** Opening Provided records block **

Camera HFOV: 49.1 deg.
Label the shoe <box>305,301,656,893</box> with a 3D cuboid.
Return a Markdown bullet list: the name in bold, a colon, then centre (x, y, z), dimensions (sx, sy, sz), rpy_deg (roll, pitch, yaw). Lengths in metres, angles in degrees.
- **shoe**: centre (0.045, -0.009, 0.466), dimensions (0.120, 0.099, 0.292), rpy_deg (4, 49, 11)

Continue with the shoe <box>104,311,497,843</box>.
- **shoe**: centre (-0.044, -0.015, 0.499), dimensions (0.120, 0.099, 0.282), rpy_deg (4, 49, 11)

** Closing Provided records block **

= What you need to do =
Write the data above out again in full, with every word as given.

= Answer to this exercise =
Camera HFOV: 49.1 deg.
Label the shoe <box>305,301,656,893</box> with a 3D cuboid.
Return a Markdown bullet list: the name in bold, a colon, then centre (x, y, z), dimensions (sx, sy, sz), rpy_deg (roll, pitch, yaw). Lengths in metres, angles in degrees.
- **shoe**: centre (0.045, -0.009, 0.466), dimensions (0.120, 0.099, 0.292), rpy_deg (4, 49, 11)

Continue with the shoe <box>104,311,497,843</box>.
- **shoe**: centre (-0.044, -0.015, 0.499), dimensions (0.120, 0.099, 0.282), rpy_deg (4, 49, 11)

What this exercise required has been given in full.